[Entries provided]

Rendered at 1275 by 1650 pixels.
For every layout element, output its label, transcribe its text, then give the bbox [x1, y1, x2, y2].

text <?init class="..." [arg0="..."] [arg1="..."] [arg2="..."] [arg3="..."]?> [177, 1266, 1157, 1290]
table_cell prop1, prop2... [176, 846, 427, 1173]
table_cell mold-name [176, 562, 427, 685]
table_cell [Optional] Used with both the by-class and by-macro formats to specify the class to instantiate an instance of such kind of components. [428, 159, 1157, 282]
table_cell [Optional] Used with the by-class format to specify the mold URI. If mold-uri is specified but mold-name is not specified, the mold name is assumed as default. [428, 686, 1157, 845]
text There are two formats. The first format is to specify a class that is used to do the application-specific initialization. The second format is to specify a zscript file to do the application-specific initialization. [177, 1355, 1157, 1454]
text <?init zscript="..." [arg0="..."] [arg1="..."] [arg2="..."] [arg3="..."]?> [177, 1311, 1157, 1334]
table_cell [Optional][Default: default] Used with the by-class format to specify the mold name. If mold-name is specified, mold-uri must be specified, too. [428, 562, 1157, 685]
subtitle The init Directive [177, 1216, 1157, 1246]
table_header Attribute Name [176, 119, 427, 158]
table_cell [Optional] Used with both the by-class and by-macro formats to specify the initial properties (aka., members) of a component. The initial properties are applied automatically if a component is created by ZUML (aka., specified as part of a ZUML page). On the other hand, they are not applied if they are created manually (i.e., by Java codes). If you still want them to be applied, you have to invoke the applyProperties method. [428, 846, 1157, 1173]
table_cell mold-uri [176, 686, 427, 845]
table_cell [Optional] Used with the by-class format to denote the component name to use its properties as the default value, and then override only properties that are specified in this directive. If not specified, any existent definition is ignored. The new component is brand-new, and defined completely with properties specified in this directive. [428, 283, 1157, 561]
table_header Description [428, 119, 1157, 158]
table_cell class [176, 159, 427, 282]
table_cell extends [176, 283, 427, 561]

[/Entries provided]
[Entries provided]

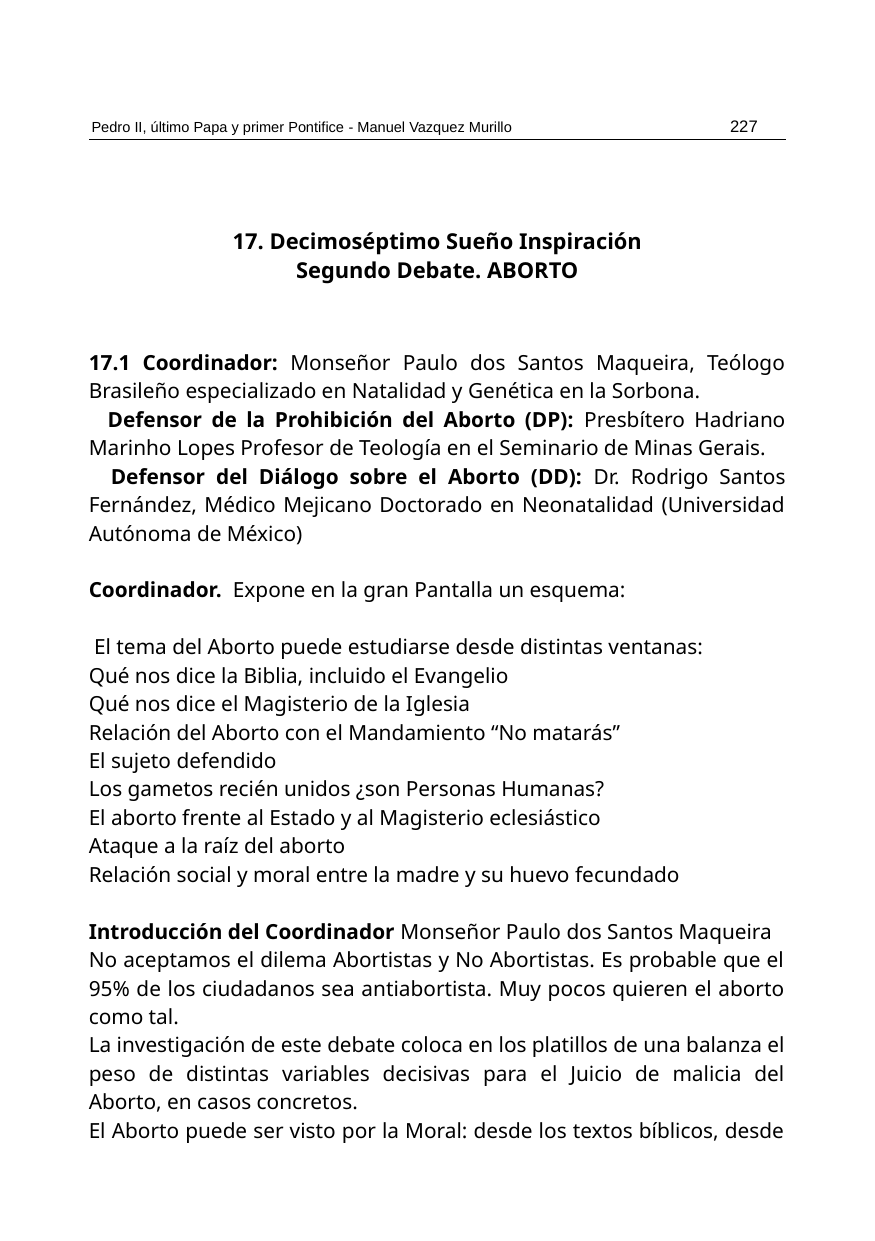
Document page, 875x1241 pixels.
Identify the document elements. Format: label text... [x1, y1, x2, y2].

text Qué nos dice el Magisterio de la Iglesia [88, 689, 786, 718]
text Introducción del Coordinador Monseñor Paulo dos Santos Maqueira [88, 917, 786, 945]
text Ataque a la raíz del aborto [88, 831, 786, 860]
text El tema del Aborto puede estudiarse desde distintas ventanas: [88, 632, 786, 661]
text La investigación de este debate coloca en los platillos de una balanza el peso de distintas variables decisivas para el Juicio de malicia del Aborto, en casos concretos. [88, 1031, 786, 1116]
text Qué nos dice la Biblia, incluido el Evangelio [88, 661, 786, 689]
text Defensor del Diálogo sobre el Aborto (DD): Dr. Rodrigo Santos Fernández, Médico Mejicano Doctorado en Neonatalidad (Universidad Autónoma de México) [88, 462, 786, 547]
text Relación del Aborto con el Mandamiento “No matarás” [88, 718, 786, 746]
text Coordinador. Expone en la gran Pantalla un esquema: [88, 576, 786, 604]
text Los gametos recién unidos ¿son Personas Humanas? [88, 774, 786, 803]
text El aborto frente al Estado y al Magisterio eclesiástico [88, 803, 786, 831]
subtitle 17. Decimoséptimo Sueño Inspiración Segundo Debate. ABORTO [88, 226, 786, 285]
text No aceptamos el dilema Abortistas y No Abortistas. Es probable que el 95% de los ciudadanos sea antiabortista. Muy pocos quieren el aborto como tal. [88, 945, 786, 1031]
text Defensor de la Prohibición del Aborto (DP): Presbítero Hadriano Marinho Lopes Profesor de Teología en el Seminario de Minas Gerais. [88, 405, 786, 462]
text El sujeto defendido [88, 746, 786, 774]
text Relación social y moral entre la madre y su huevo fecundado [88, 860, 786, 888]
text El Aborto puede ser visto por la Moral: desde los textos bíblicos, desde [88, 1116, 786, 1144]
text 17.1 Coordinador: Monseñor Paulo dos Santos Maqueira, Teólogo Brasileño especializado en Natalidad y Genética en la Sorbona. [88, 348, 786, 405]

[/Entries provided]
[Entries provided]

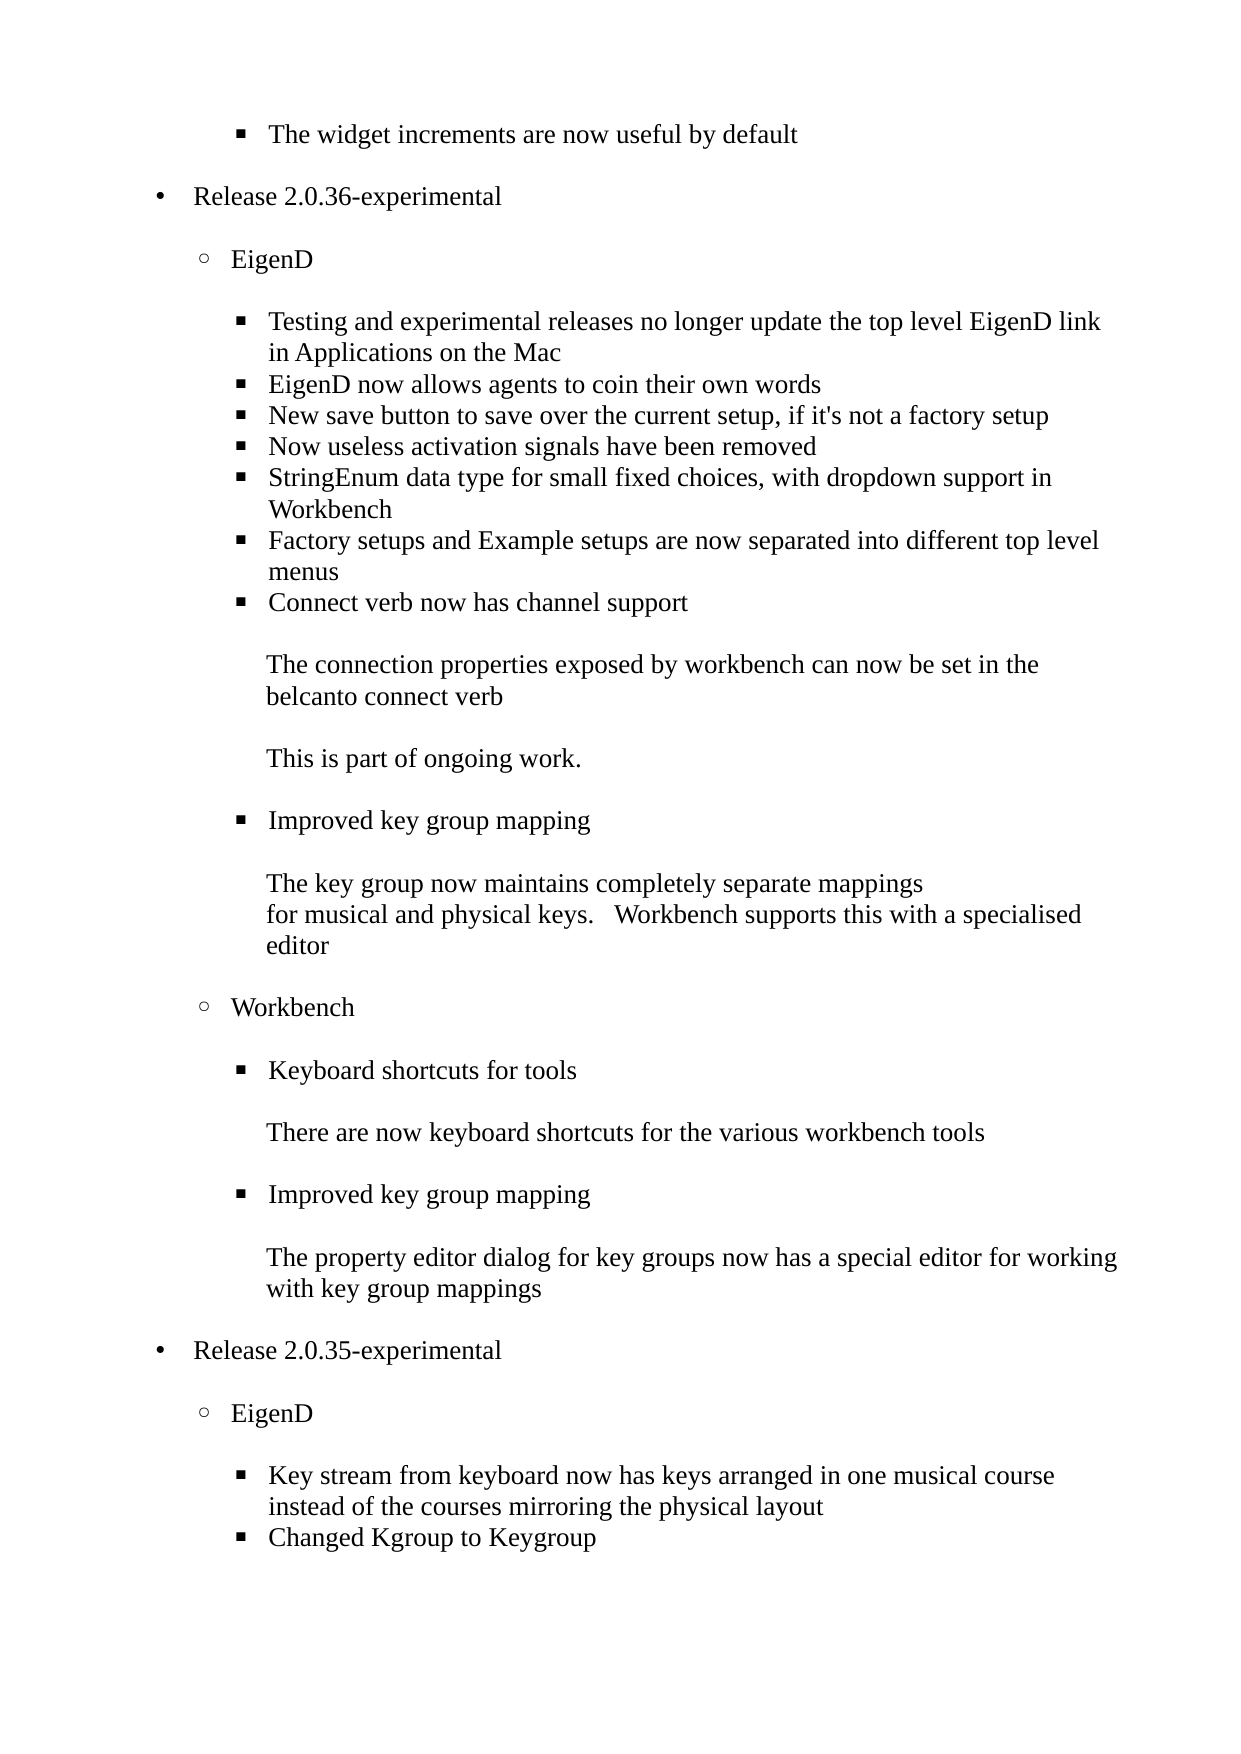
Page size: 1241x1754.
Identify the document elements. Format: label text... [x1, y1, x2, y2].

[/Entries provided]

In the listing above, how many of the lines contain the string "pixels"? Respond with the number alone.

2